Where to Celebrate Lunar New Year—The Year of the Dragon

We’re about to welcome in the Year of the Dragon. In the Chinese zodiac the dragon, which is associated with strength, courage and independence, is the 5th of 12 animals honored each year.

The Lunar New Year is always a time of celebration here in New York City and of course food is at the center of many celebrations.

Where to celebrate Lunar New Year? While lunar new year falls on February 10th, celebrations take place before and after the 10th. I recommend heading to one of NYC’s Chinatowns (Brooklyn, Manhattan or Queens) where there will be festivities outside in the streets or inside at many restaurants.

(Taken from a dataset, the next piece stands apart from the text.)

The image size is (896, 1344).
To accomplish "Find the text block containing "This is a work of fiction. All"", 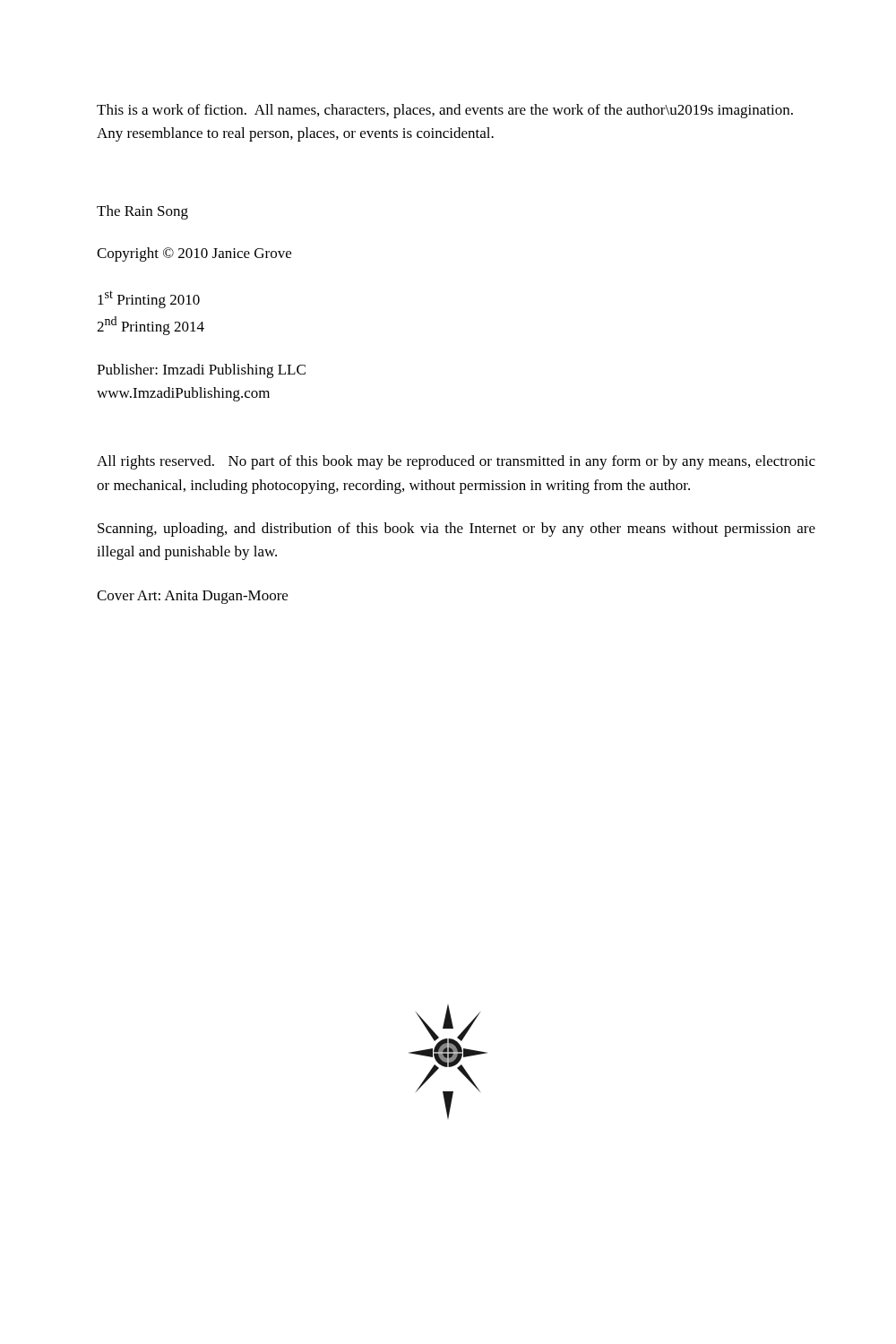I will pos(447,122).

Or visit one of these innovative restaurants, all of which have partnered with Tsingtao brewery to celebrate Chinese cuisine and ring in The Year of the Dragon with Tsingtao-infused dishes and drinks along with other specialties. While this celebration is being held from January 30th – February 12th, 2024, you can dine at the Chinese restaurants all year long.

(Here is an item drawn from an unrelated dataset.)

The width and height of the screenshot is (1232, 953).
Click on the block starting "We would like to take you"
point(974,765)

Where to Celebrate Lunar New Year?

Celebrate the Year of the Dragon at one of these innovative NYC Chinese restaurants!

January 30th-February 12th


For a glamorous dining experience consider Hutong, which serves Northern Chinese fare and innovative dim sum in a 1920s New York and Shanghai-inspired Art Deco. Enjoy such specialties as crispy soft shell crab, flaming Peking duck, Wagyu beef millefeuille and lobster dumplings along with creative cocktails from the restaurant’s lounge.

Tsingtao-infused dishes and drinks:

  • “Xingréng Pijiu”: A creative beer cocktail combining Tsingtao with tomato juice, Maggi seasoning, and a blend of spices, served with a Tajin and ground Sichuan red peppercorn rim, garnished with a red chili pepper and dehydrated yuzu wheel.
  • “Qingfu Pijiu”: A refreshing beer cocktail featuring Tsingtao with passion fruit purée, honey, yuzu, and a hint of Sichuan red peppercorn spice, garnished with a banana leaf and orchid flower.
  • Beef Tenderloin with Leeks: A flavorful dish of pan-seared beef tenderloin and leeks, cooked with Tsingtao, ginger, scallions, and seasoning, finished with potato starch water and sesame oil.
  • Mala Beer Prawns: Shrimp boiled with Tsingtao and tossed with ginger, scallions, peppers, Chinese celery, and Sichuan peppercorns, creating a bold and spicy flavor.

731 Lexington Avenue at East 59th Street

MáLà Project (four locations)

Founded by four friends, the MáLà Project serve Neo-Sichuanese cuisine, from fiery dry pots with the choice of various spice levels to comforting Northern Chinese cuisine. Since co-founding the restaurant in 2015, Amelie Kang has dedicated herself to the hospitality industry and lead the way for Chinese restaurants in the East Village.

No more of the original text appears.